The sentencing of the co-accused Al Qatrani

  1. Al Qatrani was sentenced by Wass SC DCJ on 21 October 2021 to a total term of imprisonment of 15 years, with a non-parole period of 9 years. For this offence, the maximum penalty is imprisonment for life or 7,500 penalty units, or both.

  2. Al Qatrani is first eligible for release on parole on 4 February 2026.

  3. In sentencing Al Qatrani, Wass SC DCJ made the following findings:

  1. The offender did not plead guilty or assist law enforcement agencies.

  2. In relation to Al Qatrani’s role in the importation: (a) His “role in the enterprise was to open the machinery and to unpack the illegal shipment, and to assist … Govender whilst he was in Australia, including providing transport, accommodation, a phone and some computer assistance”; and (b) there was “no evidence that the offender was to have any role in the enterprise after he opened the machinery and sorted the drugs”. Later, it was said that Al Qatrani “stood to make a significant amount of money for his small but necessary and risky role in the enterprise”.

  3. In relation to Al Qatrani’s knowledge about the presence of the drugs: (a) He knew that he was “importing a prohibited drug of some kind, in at least a commercial quantity”: (b) He “knew that the prohibited drugs were in the container”; (c) he “had no knowledge about precisely what was in the container. He had to be instructed that there were three separate types of bundles and they could not be mixed. He did know, however, that it contained a substantial amount of prohibited drugs. Just when he obtained that knowledge was not clear on the evidence but I find that it was at a time when he could have withdrawn from the endeavour and chose not to”; (d) “he knew there was at least a commercial quantity of the illegal drugs in his possession”; and (e) “Where I find that the offender did not know precisely what was in the container and had no control over how much or what kind of drug was being imported, this factor whilst relevant is of lesser significance”.

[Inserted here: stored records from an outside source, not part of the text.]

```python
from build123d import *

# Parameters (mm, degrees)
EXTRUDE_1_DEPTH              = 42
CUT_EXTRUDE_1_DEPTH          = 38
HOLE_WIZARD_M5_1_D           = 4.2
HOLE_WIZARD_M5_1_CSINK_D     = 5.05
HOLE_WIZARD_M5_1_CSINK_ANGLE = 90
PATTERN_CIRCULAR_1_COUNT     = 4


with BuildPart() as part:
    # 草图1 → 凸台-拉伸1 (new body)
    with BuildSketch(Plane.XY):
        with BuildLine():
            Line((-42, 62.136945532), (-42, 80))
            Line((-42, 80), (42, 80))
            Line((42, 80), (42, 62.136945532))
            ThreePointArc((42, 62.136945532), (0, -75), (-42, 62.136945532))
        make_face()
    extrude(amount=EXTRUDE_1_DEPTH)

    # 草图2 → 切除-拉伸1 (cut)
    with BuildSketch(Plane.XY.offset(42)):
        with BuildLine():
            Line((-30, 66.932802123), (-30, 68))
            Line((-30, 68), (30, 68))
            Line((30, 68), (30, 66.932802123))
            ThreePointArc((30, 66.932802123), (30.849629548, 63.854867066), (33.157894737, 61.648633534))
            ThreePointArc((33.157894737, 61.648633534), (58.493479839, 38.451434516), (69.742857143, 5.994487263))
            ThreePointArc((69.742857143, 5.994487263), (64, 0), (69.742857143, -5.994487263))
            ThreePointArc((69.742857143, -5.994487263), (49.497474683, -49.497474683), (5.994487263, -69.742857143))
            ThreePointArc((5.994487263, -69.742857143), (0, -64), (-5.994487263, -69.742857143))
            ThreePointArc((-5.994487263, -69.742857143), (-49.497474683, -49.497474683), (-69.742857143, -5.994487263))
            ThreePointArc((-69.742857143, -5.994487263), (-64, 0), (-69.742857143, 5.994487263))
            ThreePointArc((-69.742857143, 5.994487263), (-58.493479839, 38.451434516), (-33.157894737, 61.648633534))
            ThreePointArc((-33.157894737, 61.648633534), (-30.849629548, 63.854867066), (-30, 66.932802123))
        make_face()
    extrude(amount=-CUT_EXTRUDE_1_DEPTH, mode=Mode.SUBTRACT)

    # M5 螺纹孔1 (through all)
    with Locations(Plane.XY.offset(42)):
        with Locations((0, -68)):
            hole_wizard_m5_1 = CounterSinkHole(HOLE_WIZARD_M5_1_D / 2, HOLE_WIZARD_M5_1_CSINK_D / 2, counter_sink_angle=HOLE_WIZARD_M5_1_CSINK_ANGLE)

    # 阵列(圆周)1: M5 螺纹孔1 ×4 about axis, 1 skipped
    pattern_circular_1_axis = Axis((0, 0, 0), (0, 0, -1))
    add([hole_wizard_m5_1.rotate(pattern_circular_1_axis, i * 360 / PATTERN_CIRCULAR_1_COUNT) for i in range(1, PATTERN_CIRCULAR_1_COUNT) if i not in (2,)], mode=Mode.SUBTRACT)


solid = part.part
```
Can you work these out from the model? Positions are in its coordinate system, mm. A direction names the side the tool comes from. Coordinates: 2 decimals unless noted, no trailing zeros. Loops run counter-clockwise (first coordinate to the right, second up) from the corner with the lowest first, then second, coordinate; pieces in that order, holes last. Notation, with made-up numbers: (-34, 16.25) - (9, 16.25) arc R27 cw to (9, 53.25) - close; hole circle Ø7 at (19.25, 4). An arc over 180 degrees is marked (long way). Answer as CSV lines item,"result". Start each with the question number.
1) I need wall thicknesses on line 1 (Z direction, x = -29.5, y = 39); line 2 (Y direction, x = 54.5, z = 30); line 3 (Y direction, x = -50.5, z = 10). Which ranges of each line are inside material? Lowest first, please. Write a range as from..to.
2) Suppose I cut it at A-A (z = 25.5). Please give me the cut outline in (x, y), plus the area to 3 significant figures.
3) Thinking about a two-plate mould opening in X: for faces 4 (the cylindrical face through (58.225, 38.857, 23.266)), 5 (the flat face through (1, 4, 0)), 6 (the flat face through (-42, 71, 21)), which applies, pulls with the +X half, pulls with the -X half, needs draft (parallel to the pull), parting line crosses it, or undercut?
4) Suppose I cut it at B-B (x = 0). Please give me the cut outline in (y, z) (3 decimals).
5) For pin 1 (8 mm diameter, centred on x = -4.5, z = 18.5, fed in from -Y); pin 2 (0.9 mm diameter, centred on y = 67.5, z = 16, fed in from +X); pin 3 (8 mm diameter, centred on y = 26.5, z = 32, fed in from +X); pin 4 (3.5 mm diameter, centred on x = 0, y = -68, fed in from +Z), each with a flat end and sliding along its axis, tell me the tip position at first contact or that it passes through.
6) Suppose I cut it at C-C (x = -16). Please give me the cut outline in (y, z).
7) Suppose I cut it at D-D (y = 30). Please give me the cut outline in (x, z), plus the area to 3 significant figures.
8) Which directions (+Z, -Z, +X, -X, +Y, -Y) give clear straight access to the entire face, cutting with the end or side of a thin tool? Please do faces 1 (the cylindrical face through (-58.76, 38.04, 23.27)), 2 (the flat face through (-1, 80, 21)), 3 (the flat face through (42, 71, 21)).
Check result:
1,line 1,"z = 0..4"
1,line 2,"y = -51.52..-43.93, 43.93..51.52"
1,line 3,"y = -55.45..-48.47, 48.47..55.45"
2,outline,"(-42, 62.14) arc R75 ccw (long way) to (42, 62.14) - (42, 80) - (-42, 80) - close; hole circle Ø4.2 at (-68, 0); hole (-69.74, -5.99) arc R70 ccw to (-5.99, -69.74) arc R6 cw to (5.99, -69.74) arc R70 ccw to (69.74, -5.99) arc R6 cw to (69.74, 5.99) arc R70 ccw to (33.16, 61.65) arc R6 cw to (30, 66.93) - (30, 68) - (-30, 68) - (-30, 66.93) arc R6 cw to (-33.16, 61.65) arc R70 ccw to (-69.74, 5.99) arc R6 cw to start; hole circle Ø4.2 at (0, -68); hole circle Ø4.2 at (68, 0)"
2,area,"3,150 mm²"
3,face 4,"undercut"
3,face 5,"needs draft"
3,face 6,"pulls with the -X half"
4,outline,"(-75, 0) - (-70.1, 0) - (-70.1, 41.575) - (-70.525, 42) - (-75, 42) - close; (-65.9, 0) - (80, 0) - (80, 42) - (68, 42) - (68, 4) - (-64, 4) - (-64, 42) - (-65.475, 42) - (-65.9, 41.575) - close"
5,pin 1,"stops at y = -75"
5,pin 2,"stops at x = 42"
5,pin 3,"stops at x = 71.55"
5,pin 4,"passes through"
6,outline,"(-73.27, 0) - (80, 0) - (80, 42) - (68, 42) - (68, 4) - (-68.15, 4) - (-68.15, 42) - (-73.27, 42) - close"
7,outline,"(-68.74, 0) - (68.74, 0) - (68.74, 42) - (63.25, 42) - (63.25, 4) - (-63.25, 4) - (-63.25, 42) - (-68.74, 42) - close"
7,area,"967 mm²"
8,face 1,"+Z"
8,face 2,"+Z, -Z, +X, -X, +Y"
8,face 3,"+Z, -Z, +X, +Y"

  4. In relation to Al Qatrani’s position within the syndicate, including when compared to the Applicant: (a) Al Qatrani “had no financial interest beyond what he was to be paid for carrying out his task and that his role whilst it was different, in some respects it was not more important than that of [the Applicant]”. Later the sentencing judge found “that [Al Qatrani’s] role was about the same level as [the Applicant]. They both agreed to do particular tasks as asked of them by others for payment of fixed sums with about the same degree of trust by others higher in the hierarchy” (AB 183.3).

Parity table

  1. In the table that follows, the key sentencing findings are summarised:

Comparison

Applicant (Sentencing Judge: Norton SC DCJ)

Co-offender Al Qatrani (Sentencing Judge: Wass SC DCJ)

Sentence

Aggregate: 11 yr 6 m, NPP 7 yr

Aggregate: 15 yr, NPP 9 yr

Charges

Attempt to possess commercial quantity of border control drugs reasonably suspected of having been unlawfully imported.

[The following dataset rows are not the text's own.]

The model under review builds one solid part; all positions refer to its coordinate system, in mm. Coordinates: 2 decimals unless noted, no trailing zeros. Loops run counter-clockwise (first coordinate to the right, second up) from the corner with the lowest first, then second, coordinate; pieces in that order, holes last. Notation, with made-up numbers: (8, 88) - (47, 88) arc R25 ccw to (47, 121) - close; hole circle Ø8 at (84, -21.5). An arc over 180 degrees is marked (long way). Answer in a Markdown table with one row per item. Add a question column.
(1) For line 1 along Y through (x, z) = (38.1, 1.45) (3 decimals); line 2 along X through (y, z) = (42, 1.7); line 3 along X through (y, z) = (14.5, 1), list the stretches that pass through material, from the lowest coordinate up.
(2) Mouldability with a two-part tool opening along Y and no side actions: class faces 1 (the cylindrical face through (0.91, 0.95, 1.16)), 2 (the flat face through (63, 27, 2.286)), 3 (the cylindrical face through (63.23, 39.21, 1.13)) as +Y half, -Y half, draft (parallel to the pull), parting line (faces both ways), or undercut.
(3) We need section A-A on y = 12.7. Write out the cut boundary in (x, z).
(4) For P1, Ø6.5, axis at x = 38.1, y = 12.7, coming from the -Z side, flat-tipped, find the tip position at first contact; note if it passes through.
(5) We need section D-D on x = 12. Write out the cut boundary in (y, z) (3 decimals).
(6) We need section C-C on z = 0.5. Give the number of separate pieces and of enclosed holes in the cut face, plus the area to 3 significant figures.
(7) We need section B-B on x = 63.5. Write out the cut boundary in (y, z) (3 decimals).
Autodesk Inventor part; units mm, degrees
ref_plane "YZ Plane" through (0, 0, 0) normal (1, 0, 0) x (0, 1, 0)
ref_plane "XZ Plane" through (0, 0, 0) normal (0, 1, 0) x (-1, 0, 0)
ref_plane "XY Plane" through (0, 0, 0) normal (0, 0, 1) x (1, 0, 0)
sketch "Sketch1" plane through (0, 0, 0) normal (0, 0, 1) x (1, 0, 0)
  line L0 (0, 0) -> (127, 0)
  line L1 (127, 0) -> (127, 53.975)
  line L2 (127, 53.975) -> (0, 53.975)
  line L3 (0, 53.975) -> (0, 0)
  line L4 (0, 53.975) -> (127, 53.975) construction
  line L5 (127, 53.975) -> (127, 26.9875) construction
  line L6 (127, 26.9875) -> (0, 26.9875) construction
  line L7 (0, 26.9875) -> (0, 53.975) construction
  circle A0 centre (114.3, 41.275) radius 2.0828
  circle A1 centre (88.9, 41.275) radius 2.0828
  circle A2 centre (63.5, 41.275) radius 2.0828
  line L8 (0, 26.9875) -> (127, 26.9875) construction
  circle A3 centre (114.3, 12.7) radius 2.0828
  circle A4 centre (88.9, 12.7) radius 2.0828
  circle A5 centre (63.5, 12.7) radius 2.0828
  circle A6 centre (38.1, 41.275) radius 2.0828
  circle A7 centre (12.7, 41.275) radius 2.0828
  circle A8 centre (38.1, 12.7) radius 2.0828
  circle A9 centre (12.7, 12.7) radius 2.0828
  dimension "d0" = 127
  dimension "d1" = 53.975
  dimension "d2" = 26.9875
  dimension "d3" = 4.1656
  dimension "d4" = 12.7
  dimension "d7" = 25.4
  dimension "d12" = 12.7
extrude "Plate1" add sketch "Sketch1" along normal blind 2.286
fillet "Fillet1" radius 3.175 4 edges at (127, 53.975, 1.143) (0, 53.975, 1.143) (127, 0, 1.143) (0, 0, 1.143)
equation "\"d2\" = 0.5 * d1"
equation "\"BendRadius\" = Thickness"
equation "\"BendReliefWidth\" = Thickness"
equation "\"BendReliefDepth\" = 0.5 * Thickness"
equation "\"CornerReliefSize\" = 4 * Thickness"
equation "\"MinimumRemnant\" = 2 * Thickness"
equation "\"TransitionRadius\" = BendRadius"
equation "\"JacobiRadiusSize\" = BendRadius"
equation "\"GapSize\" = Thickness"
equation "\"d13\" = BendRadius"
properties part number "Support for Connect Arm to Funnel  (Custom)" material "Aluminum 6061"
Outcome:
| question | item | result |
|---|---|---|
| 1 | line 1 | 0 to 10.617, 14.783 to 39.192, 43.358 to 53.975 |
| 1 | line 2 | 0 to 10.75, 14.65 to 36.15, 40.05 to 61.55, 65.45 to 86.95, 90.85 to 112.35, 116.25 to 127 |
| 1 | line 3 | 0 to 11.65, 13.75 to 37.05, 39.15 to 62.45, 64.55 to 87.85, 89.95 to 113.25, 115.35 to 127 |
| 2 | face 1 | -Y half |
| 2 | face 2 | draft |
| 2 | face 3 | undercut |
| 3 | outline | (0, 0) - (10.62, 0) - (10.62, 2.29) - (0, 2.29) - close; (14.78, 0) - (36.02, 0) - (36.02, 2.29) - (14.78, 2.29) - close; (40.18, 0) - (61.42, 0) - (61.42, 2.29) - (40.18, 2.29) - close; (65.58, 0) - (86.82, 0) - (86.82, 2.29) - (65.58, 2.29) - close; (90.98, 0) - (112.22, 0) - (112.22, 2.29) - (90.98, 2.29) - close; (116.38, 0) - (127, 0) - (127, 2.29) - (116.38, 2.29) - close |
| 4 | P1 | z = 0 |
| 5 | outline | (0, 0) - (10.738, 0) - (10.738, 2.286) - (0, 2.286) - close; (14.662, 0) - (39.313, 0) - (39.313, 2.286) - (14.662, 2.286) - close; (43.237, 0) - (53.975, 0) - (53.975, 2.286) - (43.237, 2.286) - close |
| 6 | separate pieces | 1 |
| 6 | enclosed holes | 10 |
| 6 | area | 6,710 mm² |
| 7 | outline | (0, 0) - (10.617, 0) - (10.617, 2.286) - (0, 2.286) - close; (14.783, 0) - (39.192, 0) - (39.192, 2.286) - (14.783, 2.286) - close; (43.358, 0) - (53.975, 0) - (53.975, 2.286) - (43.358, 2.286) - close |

Attempt to possess commercial quantity of unlawfully imported border control drugs.

Role in drug syndicate

Transported and stored the container; was unsupervised and therefore trusted. Assisted in the unloading of the iron ore extractor; he was aware there were drugs in the container; no evidence the Applicant was aware of the amount, and he was reckless as to what was in the container. The Applicant played an important role in a sophisticated operation, beneath a mid-level participant.

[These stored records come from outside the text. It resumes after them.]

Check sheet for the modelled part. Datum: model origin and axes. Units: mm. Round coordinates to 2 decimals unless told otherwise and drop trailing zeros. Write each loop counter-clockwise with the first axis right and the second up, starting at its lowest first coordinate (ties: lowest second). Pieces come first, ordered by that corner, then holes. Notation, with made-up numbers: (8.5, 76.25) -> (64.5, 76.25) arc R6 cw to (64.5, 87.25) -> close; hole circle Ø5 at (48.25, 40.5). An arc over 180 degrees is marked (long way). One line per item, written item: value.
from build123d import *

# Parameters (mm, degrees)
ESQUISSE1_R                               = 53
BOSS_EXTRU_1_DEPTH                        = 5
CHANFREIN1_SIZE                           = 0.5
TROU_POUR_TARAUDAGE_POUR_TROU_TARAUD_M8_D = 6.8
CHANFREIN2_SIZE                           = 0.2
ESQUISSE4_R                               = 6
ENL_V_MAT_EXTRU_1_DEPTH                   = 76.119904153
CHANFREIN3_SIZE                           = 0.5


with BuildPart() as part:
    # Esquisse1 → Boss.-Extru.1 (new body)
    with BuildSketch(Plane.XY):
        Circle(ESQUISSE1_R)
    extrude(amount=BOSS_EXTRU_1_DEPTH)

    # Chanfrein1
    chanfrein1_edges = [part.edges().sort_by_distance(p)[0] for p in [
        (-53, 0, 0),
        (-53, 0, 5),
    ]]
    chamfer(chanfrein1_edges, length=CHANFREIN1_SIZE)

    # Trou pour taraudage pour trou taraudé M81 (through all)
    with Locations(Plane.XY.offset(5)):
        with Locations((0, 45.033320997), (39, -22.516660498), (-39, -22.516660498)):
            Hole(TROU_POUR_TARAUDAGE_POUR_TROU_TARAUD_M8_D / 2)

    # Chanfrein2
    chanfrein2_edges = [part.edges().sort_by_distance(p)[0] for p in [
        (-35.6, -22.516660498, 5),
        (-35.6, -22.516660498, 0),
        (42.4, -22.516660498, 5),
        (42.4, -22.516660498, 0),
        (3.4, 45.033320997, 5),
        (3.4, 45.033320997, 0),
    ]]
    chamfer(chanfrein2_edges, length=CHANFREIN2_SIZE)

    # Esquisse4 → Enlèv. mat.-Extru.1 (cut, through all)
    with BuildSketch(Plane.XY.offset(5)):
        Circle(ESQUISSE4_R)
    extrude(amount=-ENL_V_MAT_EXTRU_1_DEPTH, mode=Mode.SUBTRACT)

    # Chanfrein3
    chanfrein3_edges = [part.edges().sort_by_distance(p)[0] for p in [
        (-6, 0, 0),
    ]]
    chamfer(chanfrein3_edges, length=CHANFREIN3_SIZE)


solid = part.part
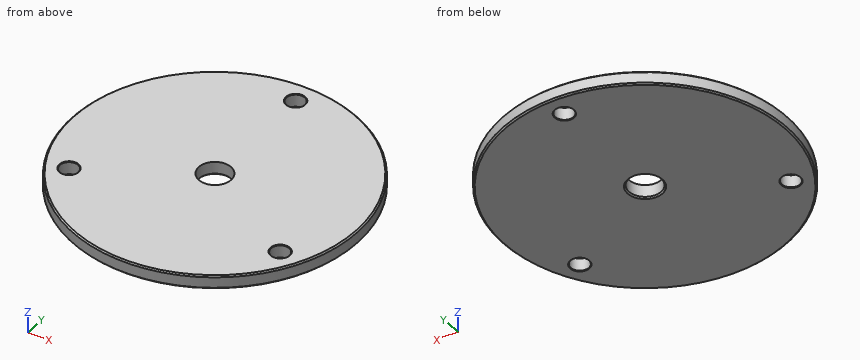
Item 1: Sectioned sample at B-B on x = 0. Enter the section's corners in (y, z).
Answer:
outline: (-53, 0.5) -> (-52.5, 0) -> (-6.5, 0) -> (-6, 0.5) -> (-6, 5) -> (-52.5, 5) -> (-53, 4.5) -> close; (6, 0.5) -> (6.5, 0) -> (41.43, 0) -> (41.63, 0.2) -> (41.63, 4.8) -> (41.43, 5) -> (6, 5) -> close; (48.43, 0.2) -> (48.63, 0) -> (52.5, 0) -> (53, 0.5) -> (53, 4.5) -> (52.5, 5) -> (48.63, 5) -> (48.43, 4.8) -> close
Item 2: Sectioned sample at D-D on y = -21. Count the separate pieces of the cut face and the enclosed holes in it, and give its area (3 significant figures).
Answer:
separate pieces: 3
enclosed holes: 0
area: 425 mm^2
Item 3: Sectioned sample at A-A on y = 0. Enter the section's corners in (x, z), and give its area (3 significant figures).
Answer:
outline: (-53, 0.5) -> (-52.5, 0) -> (-6.5, 0) -> (-6, 0.5) -> (-6, 5) -> (-52.5, 5) -> (-53, 4.5) -> close; (6, 0.5) -> (6.5, 0) -> (52.5, 0) -> (53, 0.5) -> (53, 4.5) -> (52.5, 5) -> (6, 5) -> close
area: 469 mm^2
Item 4: Depth check by flat-ended pin: P1, Ø6, axis at x = 39, y = -22.52, coming from the -Z side; P2, Ø3, axis at x = -2.5, z = 4, coming from the -Y side; P3, Ø2, axis at x = 40, z = 1, coming from the -Y side. Enter the tip coordinate at first touch or a pass-through.
Answer:
P1: passes through
P2: stops at y = -52.99
P3: stops at y = -35.89
Item 5: Sectioned sample at C-C on z = 3.15. Enter the section's corners in (x, y), and give its area (3 significant figures).
Answer:
outline: circle Ø106 at (0, 0); hole circle Ø6.8 at (-39, -22.52); hole circle Ø12 at (0, 0); hole circle Ø6.8 at (0, 45.03); hole circle Ø6.8 at (39, -22.52)
area: 8,600 mm^2
Item 6: Thickness scan on line 1 (Y direction, x = 0, z = 3.8); line 2 (X direction, y = -21, z = 3.75); line 3 (X direction, y = -5.5, z = 3.25). Record the ranges inside material, lowest first.
Answer:
line 1: y = -53 to -6, 6 to 41.63, 48.43 to 53
line 2: x = -48.66 to -42.04, -35.96 to 35.96, 42.04 to 48.66
line 3: x = -52.71 to -2.4, 2.4 to 52.71

Role was to open the machinery and to unpack it; to assist Govender whilst he was in Australia including providing transport, accommodation, a phone and some computer assistance. No evidence that he was to have any role in the enterprise after he opened the machinery and sorted the drugs. His role “was about the same level” as the Applicant and had earlier found that he “was not a vital part of this operation”.

Objective seriousness

Objectively serious. Later: “…a very serious importation of drugs into this country”.

No express finding although did not accept the Crown’s submission “that the conduct was within the high range for conduct contemplated by the offence”.

Discount for plea

“slightly less than 30%” for guilty plea and admissions made in record of interview.

Nil: plea of not guilty entered.

Further discount

Nil

Nil

Age

44 at time of offending; 45 at the time of sentencing.

47 or 48 at time of offending; 52 at the time of sentencing.

Criminal record

Nil

Nil leniency: sentenced in 2011 for a serious sexual assault and spent nearly 5 years in custody.

Special circumstances

Nil

Nil

The principles: parity

  1. The principle of parity, as Leeming JA noted in Kadwell (a pseudonym) v R [2021] NSWCCA 42 at [11] (‘Kadwell’), “derives from the fundamental norm of equal justice according to law”. Notwithstanding that the appeal is the creature of statute – s 5(1)(c) of the Criminal Appeal Act 1912 (NSW) – the “exercise of the statutory discretion is informed by the common law norm”: Green v The Queen; Quinn v The Queen (2011) 244 CLR 462; [2011] HCA 49 at [31] (French CJ, Crennan and Kiefel JJ) (‘Green’).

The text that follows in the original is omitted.